These only affect mass that is lost from the donor due to mass transfer, winds from each star will carry away angular momentum from the vicinity of each even when transfer efficiency is unity. Each of these represent the following:
alpha : fraction of mass lost from the vicinity of the donor as fast wind
beta : fraction of mass lost from the vicinity of the accretor as fast wind
delta : fraction of mass lost from circumbinary coplanar toroid
gamma : radius of the circumbinary coplanar toroid is
gamma**2 * orbital_separation
mass_transfer_alpha = 0.0d0
mass_transfer_beta = 0.0d0
mass_transfer_delta = 0.0d0
mass_transfer_gamma = 0.0d0
limit_retention_by_mdot_edd
Limit accretion using mdot_edd
. The current implementation is intended for use with
black hole accretors, as in e.g. Podsiadlowski, Rappaport & Han (2003), MNRAS, 341, 385.

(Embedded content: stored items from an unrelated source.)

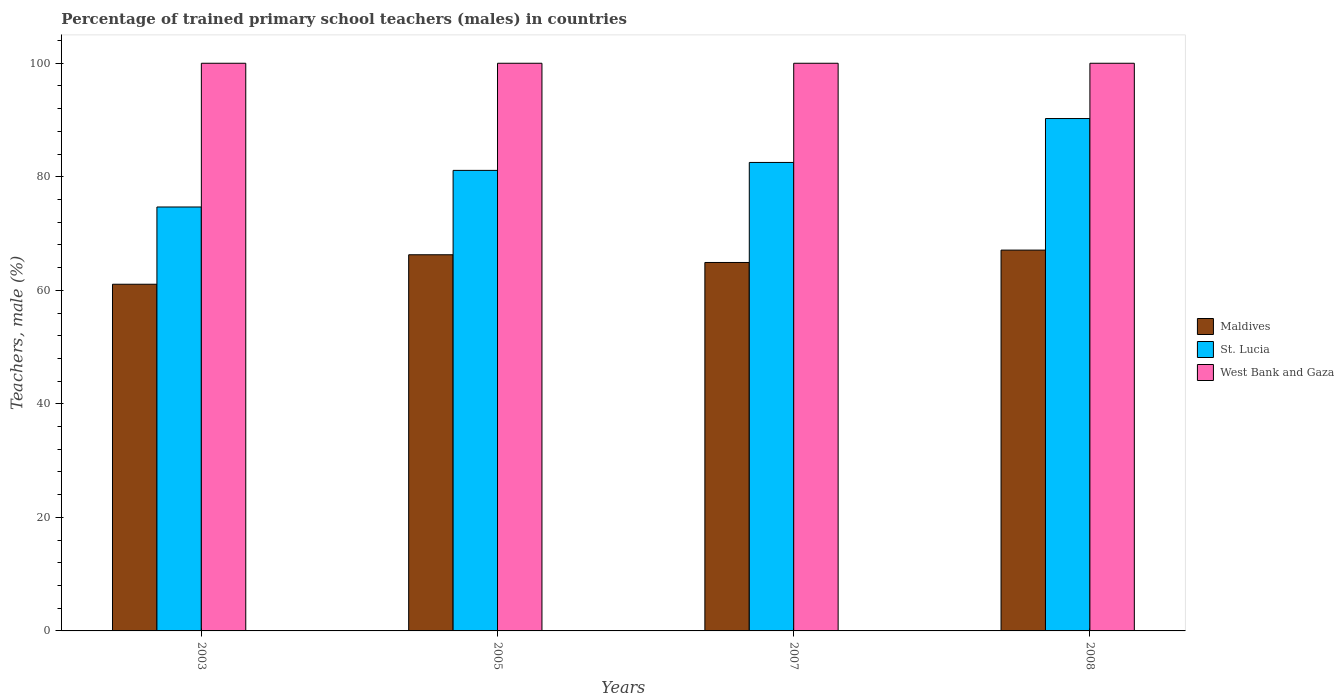How many different coloured bars are there?
Keep it short and to the point. 3. How many groups of bars are there?
Provide a short and direct response. 4. Are the number of bars per tick equal to the number of legend labels?
Give a very brief answer. Yes. Are the number of bars on each tick of the X-axis equal?
Provide a succinct answer. Yes. How many bars are there on the 1st tick from the right?
Offer a terse response. 3. In how many cases, is the number of bars for a given year not equal to the number of legend labels?
Provide a short and direct response. 0. What is the percentage of trained primary school teachers (males) in St. Lucia in 2008?
Offer a terse response. 90.26. Across all years, what is the maximum percentage of trained primary school teachers (males) in West Bank and Gaza?
Your response must be concise. 100. Across all years, what is the minimum percentage of trained primary school teachers (males) in Maldives?
Ensure brevity in your answer.  61.07. In which year was the percentage of trained primary school teachers (males) in St. Lucia maximum?
Offer a terse response. 2008. What is the total percentage of trained primary school teachers (males) in St. Lucia in the graph?
Provide a succinct answer. 328.6. What is the difference between the percentage of trained primary school teachers (males) in St. Lucia in 2005 and that in 2007?
Offer a terse response. -1.4. What is the difference between the percentage of trained primary school teachers (males) in West Bank and Gaza in 2007 and the percentage of trained primary school teachers (males) in Maldives in 2003?
Your answer should be very brief. 38.93. What is the average percentage of trained primary school teachers (males) in Maldives per year?
Provide a succinct answer. 64.83. In the year 2007, what is the difference between the percentage of trained primary school teachers (males) in Maldives and percentage of trained primary school teachers (males) in West Bank and Gaza?
Offer a very short reply. -35.09. In how many years, is the percentage of trained primary school teachers (males) in St. Lucia greater than 12 %?
Offer a very short reply. 4. What is the ratio of the percentage of trained primary school teachers (males) in St. Lucia in 2003 to that in 2007?
Ensure brevity in your answer.  0.9. Is the difference between the percentage of trained primary school teachers (males) in Maldives in 2005 and 2007 greater than the difference between the percentage of trained primary school teachers (males) in West Bank and Gaza in 2005 and 2007?
Ensure brevity in your answer.  Yes. What is the difference between the highest and the second highest percentage of trained primary school teachers (males) in St. Lucia?
Your response must be concise. 7.73. What is the difference between the highest and the lowest percentage of trained primary school teachers (males) in St. Lucia?
Ensure brevity in your answer.  15.58. Is the sum of the percentage of trained primary school teachers (males) in Maldives in 2005 and 2008 greater than the maximum percentage of trained primary school teachers (males) in West Bank and Gaza across all years?
Ensure brevity in your answer.  Yes. What does the 2nd bar from the left in 2007 represents?
Your response must be concise. St. Lucia. What does the 3rd bar from the right in 2007 represents?
Your answer should be very brief. Maldives. Is it the case that in every year, the sum of the percentage of trained primary school teachers (males) in West Bank and Gaza and percentage of trained primary school teachers (males) in St. Lucia is greater than the percentage of trained primary school teachers (males) in Maldives?
Your answer should be compact. Yes. How many bars are there?
Provide a short and direct response. 12. Are all the bars in the graph horizontal?
Offer a very short reply. No. What is the difference between two consecutive major ticks on the Y-axis?
Offer a very short reply. 20. Are the values on the major ticks of Y-axis written in scientific E-notation?
Your answer should be compact. No. How many legend labels are there?
Make the answer very short. 3. What is the title of the graph?
Provide a succinct answer. Percentage of trained primary school teachers (males) in countries. What is the label or title of the X-axis?
Your answer should be very brief. Years. What is the label or title of the Y-axis?
Your answer should be compact. Teachers, male (%). What is the Teachers, male (%) of Maldives in 2003?
Your answer should be very brief. 61.07. What is the Teachers, male (%) in St. Lucia in 2003?
Give a very brief answer. 74.68. What is the Teachers, male (%) in Maldives in 2005?
Your response must be concise. 66.27. What is the Teachers, male (%) of St. Lucia in 2005?
Your answer should be very brief. 81.13. What is the Teachers, male (%) of Maldives in 2007?
Offer a terse response. 64.91. What is the Teachers, male (%) in St. Lucia in 2007?
Your answer should be compact. 82.53. What is the Teachers, male (%) of Maldives in 2008?
Provide a short and direct response. 67.08. What is the Teachers, male (%) of St. Lucia in 2008?
Give a very brief answer. 90.26. Across all years, what is the maximum Teachers, male (%) in Maldives?
Give a very brief answer. 67.08. Across all years, what is the maximum Teachers, male (%) in St. Lucia?
Provide a succinct answer. 90.26. Across all years, what is the maximum Teachers, male (%) of West Bank and Gaza?
Your response must be concise. 100. Across all years, what is the minimum Teachers, male (%) in Maldives?
Your response must be concise. 61.07. Across all years, what is the minimum Teachers, male (%) in St. Lucia?
Ensure brevity in your answer.  74.68. What is the total Teachers, male (%) of Maldives in the graph?
Your answer should be compact. 259.33. What is the total Teachers, male (%) in St. Lucia in the graph?
Make the answer very short. 328.6. What is the difference between the Teachers, male (%) of Maldives in 2003 and that in 2005?
Offer a very short reply. -5.19. What is the difference between the Teachers, male (%) of St. Lucia in 2003 and that in 2005?
Offer a terse response. -6.45. What is the difference between the Teachers, male (%) of West Bank and Gaza in 2003 and that in 2005?
Provide a succinct answer. 0. What is the difference between the Teachers, male (%) in Maldives in 2003 and that in 2007?
Provide a short and direct response. -3.84. What is the difference between the Teachers, male (%) in St. Lucia in 2003 and that in 2007?
Offer a very short reply. -7.85. What is the difference between the Teachers, male (%) of Maldives in 2003 and that in 2008?
Your answer should be compact. -6.01. What is the difference between the Teachers, male (%) in St. Lucia in 2003 and that in 2008?
Give a very brief answer. -15.58. What is the difference between the Teachers, male (%) of Maldives in 2005 and that in 2007?
Provide a succinct answer. 1.36. What is the difference between the Teachers, male (%) in St. Lucia in 2005 and that in 2007?
Give a very brief answer. -1.4. What is the difference between the Teachers, male (%) of Maldives in 2005 and that in 2008?
Keep it short and to the point. -0.82. What is the difference between the Teachers, male (%) in St. Lucia in 2005 and that in 2008?
Give a very brief answer. -9.13. What is the difference between the Teachers, male (%) in Maldives in 2007 and that in 2008?
Ensure brevity in your answer.  -2.18. What is the difference between the Teachers, male (%) of St. Lucia in 2007 and that in 2008?
Your answer should be compact. -7.73. What is the difference between the Teachers, male (%) of West Bank and Gaza in 2007 and that in 2008?
Ensure brevity in your answer.  0. What is the difference between the Teachers, male (%) of Maldives in 2003 and the Teachers, male (%) of St. Lucia in 2005?
Ensure brevity in your answer.  -20.06. What is the difference between the Teachers, male (%) of Maldives in 2003 and the Teachers, male (%) of West Bank and Gaza in 2005?
Your answer should be very brief. -38.93. What is the difference between the Teachers, male (%) of St. Lucia in 2003 and the Teachers, male (%) of West Bank and Gaza in 2005?
Provide a succinct answer. -25.32. What is the difference between the Teachers, male (%) in Maldives in 2003 and the Teachers, male (%) in St. Lucia in 2007?
Your answer should be compact. -21.46. What is the difference between the Teachers, male (%) of Maldives in 2003 and the Teachers, male (%) of West Bank and Gaza in 2007?
Offer a very short reply. -38.93. What is the difference between the Teachers, male (%) in St. Lucia in 2003 and the Teachers, male (%) in West Bank and Gaza in 2007?
Provide a short and direct response. -25.32. What is the difference between the Teachers, male (%) in Maldives in 2003 and the Teachers, male (%) in St. Lucia in 2008?
Your answer should be very brief. -29.19. What is the difference between the Teachers, male (%) in Maldives in 2003 and the Teachers, male (%) in West Bank and Gaza in 2008?
Provide a succinct answer. -38.93. What is the difference between the Teachers, male (%) of St. Lucia in 2003 and the Teachers, male (%) of West Bank and Gaza in 2008?
Your response must be concise. -25.32. What is the difference between the Teachers, male (%) in Maldives in 2005 and the Teachers, male (%) in St. Lucia in 2007?
Your answer should be compact. -16.26. What is the difference between the Teachers, male (%) in Maldives in 2005 and the Teachers, male (%) in West Bank and Gaza in 2007?
Your answer should be compact. -33.73. What is the difference between the Teachers, male (%) of St. Lucia in 2005 and the Teachers, male (%) of West Bank and Gaza in 2007?
Offer a very short reply. -18.87. What is the difference between the Teachers, male (%) in Maldives in 2005 and the Teachers, male (%) in St. Lucia in 2008?
Provide a succinct answer. -24. What is the difference between the Teachers, male (%) of Maldives in 2005 and the Teachers, male (%) of West Bank and Gaza in 2008?
Keep it short and to the point. -33.73. What is the difference between the Teachers, male (%) of St. Lucia in 2005 and the Teachers, male (%) of West Bank and Gaza in 2008?
Ensure brevity in your answer.  -18.87. What is the difference between the Teachers, male (%) of Maldives in 2007 and the Teachers, male (%) of St. Lucia in 2008?
Your response must be concise. -25.35. What is the difference between the Teachers, male (%) of Maldives in 2007 and the Teachers, male (%) of West Bank and Gaza in 2008?
Ensure brevity in your answer.  -35.09. What is the difference between the Teachers, male (%) of St. Lucia in 2007 and the Teachers, male (%) of West Bank and Gaza in 2008?
Offer a terse response. -17.47. What is the average Teachers, male (%) of Maldives per year?
Make the answer very short. 64.83. What is the average Teachers, male (%) in St. Lucia per year?
Your response must be concise. 82.15. What is the average Teachers, male (%) of West Bank and Gaza per year?
Provide a succinct answer. 100. In the year 2003, what is the difference between the Teachers, male (%) of Maldives and Teachers, male (%) of St. Lucia?
Offer a very short reply. -13.61. In the year 2003, what is the difference between the Teachers, male (%) in Maldives and Teachers, male (%) in West Bank and Gaza?
Offer a terse response. -38.93. In the year 2003, what is the difference between the Teachers, male (%) of St. Lucia and Teachers, male (%) of West Bank and Gaza?
Provide a short and direct response. -25.32. In the year 2005, what is the difference between the Teachers, male (%) in Maldives and Teachers, male (%) in St. Lucia?
Your answer should be compact. -14.86. In the year 2005, what is the difference between the Teachers, male (%) of Maldives and Teachers, male (%) of West Bank and Gaza?
Ensure brevity in your answer.  -33.73. In the year 2005, what is the difference between the Teachers, male (%) of St. Lucia and Teachers, male (%) of West Bank and Gaza?
Offer a very short reply. -18.87. In the year 2007, what is the difference between the Teachers, male (%) of Maldives and Teachers, male (%) of St. Lucia?
Give a very brief answer. -17.62. In the year 2007, what is the difference between the Teachers, male (%) in Maldives and Teachers, male (%) in West Bank and Gaza?
Your answer should be compact. -35.09. In the year 2007, what is the difference between the Teachers, male (%) of St. Lucia and Teachers, male (%) of West Bank and Gaza?
Offer a terse response. -17.47. In the year 2008, what is the difference between the Teachers, male (%) in Maldives and Teachers, male (%) in St. Lucia?
Provide a short and direct response. -23.18. In the year 2008, what is the difference between the Teachers, male (%) of Maldives and Teachers, male (%) of West Bank and Gaza?
Your answer should be very brief. -32.92. In the year 2008, what is the difference between the Teachers, male (%) of St. Lucia and Teachers, male (%) of West Bank and Gaza?
Offer a terse response. -9.74. What is the ratio of the Teachers, male (%) in Maldives in 2003 to that in 2005?
Keep it short and to the point. 0.92. What is the ratio of the Teachers, male (%) in St. Lucia in 2003 to that in 2005?
Offer a very short reply. 0.92. What is the ratio of the Teachers, male (%) of West Bank and Gaza in 2003 to that in 2005?
Offer a very short reply. 1. What is the ratio of the Teachers, male (%) in Maldives in 2003 to that in 2007?
Provide a short and direct response. 0.94. What is the ratio of the Teachers, male (%) of St. Lucia in 2003 to that in 2007?
Provide a short and direct response. 0.9. What is the ratio of the Teachers, male (%) of West Bank and Gaza in 2003 to that in 2007?
Your answer should be very brief. 1. What is the ratio of the Teachers, male (%) of Maldives in 2003 to that in 2008?
Offer a very short reply. 0.91. What is the ratio of the Teachers, male (%) in St. Lucia in 2003 to that in 2008?
Make the answer very short. 0.83. What is the ratio of the Teachers, male (%) in West Bank and Gaza in 2003 to that in 2008?
Your answer should be compact. 1. What is the ratio of the Teachers, male (%) in Maldives in 2005 to that in 2007?
Your response must be concise. 1.02. What is the ratio of the Teachers, male (%) in St. Lucia in 2005 to that in 2007?
Provide a succinct answer. 0.98. What is the ratio of the Teachers, male (%) of St. Lucia in 2005 to that in 2008?
Offer a terse response. 0.9. What is the ratio of the Teachers, male (%) of Maldives in 2007 to that in 2008?
Give a very brief answer. 0.97. What is the ratio of the Teachers, male (%) of St. Lucia in 2007 to that in 2008?
Provide a short and direct response. 0.91. What is the difference between the highest and the second highest Teachers, male (%) of Maldives?
Offer a terse response. 0.82. What is the difference between the highest and the second highest Teachers, male (%) in St. Lucia?
Offer a very short reply. 7.73. What is the difference between the highest and the second highest Teachers, male (%) of West Bank and Gaza?
Your response must be concise. 0. What is the difference between the highest and the lowest Teachers, male (%) in Maldives?
Offer a terse response. 6.01. What is the difference between the highest and the lowest Teachers, male (%) in St. Lucia?
Make the answer very short. 15.58. What is the difference between the highest and the lowest Teachers, male (%) of West Bank and Gaza?
Offer a terse response. 0.

For other accretors mdot_edd
should be set with use_this_for_mdot_edd
, the hook
use_other_mdot_edd
, or by appropriately setting use_this_for_mdot_edd_eta
.
Note: MESA versions equal or lower than 8118 used eta=1 and did not correct
the accreted mass for the energy lost by radiation.
If accreted material radiates an amount of energy equal to L=eta*mtransfer_rate*clight**2
,
then accretion is assumed to be limited to the Eddington luminosity,
Ledd = 4*pi*cgrav*Mbh*clight/kappa
which results in the Eddington mass-accretion rate
mdot_edd = 4*pi*cgrav*Mbh/(kappa*clight*eta)

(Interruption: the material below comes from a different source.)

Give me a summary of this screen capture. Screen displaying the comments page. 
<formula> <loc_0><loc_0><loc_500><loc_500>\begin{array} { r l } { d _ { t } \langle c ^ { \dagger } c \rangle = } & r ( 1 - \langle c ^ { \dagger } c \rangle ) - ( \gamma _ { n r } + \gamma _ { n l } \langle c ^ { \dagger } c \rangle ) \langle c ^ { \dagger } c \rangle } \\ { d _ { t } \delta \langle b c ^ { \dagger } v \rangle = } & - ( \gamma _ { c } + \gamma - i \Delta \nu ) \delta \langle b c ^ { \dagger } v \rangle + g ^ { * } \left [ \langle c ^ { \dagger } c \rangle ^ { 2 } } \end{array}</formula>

the efficiency eta is determined by the properties of the last stable circular orbit, and for a BH with no initial spin it can be expressed in terms of the initial BH mass Mbh0 and the current BH mass,
eta = 1-sqrt(1-(Mbh/(3*Mbh0))**2)
for Mbh < sqrt(6) Mbh0. For BHs with initial spins different from zero, an effective Mbh0 can be computed, corresponding to the mass the black hole would have needed to have with zero spin to reach the current mass and spin.

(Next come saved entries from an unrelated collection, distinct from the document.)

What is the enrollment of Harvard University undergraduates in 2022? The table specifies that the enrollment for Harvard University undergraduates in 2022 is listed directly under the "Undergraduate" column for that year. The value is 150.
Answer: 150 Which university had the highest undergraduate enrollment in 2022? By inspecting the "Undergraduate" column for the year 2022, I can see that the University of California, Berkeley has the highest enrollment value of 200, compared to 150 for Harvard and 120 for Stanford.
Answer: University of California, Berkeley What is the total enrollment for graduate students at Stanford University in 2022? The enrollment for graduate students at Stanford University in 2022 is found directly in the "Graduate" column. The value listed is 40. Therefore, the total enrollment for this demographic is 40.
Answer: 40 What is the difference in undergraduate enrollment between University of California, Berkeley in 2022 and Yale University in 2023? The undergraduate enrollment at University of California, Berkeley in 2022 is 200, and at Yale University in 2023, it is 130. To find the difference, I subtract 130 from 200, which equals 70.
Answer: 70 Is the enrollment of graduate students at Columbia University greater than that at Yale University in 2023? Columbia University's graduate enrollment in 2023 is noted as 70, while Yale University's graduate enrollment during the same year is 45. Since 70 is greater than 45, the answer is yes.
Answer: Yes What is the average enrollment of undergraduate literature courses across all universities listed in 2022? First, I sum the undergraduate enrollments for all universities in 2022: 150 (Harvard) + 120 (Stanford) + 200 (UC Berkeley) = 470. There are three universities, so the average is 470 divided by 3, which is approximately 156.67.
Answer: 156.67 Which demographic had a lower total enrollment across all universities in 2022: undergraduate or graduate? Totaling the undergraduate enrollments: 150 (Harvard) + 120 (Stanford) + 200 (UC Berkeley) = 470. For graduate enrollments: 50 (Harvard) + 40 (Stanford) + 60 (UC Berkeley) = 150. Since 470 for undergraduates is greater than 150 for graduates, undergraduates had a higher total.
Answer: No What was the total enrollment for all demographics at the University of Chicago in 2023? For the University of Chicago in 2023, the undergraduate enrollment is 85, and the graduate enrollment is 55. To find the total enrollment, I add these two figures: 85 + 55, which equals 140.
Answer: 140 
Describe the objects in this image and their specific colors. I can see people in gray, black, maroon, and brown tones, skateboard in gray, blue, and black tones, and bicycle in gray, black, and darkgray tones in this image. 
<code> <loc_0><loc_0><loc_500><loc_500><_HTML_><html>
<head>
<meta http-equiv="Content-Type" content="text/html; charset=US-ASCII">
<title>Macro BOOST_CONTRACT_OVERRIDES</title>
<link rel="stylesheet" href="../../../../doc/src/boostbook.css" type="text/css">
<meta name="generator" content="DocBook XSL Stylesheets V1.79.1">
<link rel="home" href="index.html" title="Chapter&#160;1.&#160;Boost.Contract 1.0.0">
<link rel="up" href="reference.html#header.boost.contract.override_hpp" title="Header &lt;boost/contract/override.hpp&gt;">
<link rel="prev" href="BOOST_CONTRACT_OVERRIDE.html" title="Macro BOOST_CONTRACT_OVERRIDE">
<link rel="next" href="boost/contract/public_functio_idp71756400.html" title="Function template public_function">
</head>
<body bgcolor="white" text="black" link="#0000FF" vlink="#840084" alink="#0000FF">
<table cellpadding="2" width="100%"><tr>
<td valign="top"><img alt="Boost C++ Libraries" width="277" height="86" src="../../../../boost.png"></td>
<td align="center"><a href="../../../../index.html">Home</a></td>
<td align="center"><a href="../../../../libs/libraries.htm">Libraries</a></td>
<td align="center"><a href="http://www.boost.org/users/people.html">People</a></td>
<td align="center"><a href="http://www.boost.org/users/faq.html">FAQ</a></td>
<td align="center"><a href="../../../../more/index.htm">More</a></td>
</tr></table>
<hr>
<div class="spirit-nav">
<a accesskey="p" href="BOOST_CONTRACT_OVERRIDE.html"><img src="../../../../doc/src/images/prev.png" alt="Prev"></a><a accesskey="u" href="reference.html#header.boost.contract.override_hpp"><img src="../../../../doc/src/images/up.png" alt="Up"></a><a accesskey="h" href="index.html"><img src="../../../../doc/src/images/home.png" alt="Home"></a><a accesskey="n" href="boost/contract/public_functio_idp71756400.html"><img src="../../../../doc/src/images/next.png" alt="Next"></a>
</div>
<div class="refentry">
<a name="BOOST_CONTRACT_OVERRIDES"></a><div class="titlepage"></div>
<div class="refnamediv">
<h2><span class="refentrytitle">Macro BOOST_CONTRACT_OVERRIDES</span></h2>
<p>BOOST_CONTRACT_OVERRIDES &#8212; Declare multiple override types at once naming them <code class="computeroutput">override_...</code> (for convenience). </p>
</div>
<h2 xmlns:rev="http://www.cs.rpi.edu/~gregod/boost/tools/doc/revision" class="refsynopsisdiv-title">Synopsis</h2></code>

limit_retention_by_mdot_edd = .false.
use_es_opacity_for_mdot_edd
If .true., then the opacity for mdot_edd
is computed as 0.2*(1+X)
If .false., the opacity of the outermost cell of the donor is used
use_es_opacity_for_mdot_edd = .true.
use_this_for_mdot_edd_eta
Fixed mdot_edd_eta
, if negative, eta will be computed consistently as material is accreted.
Values should be between ~0.06-0.42, the minimum corresponding to a BH with spin parameter a=0, and the maximum to a=1.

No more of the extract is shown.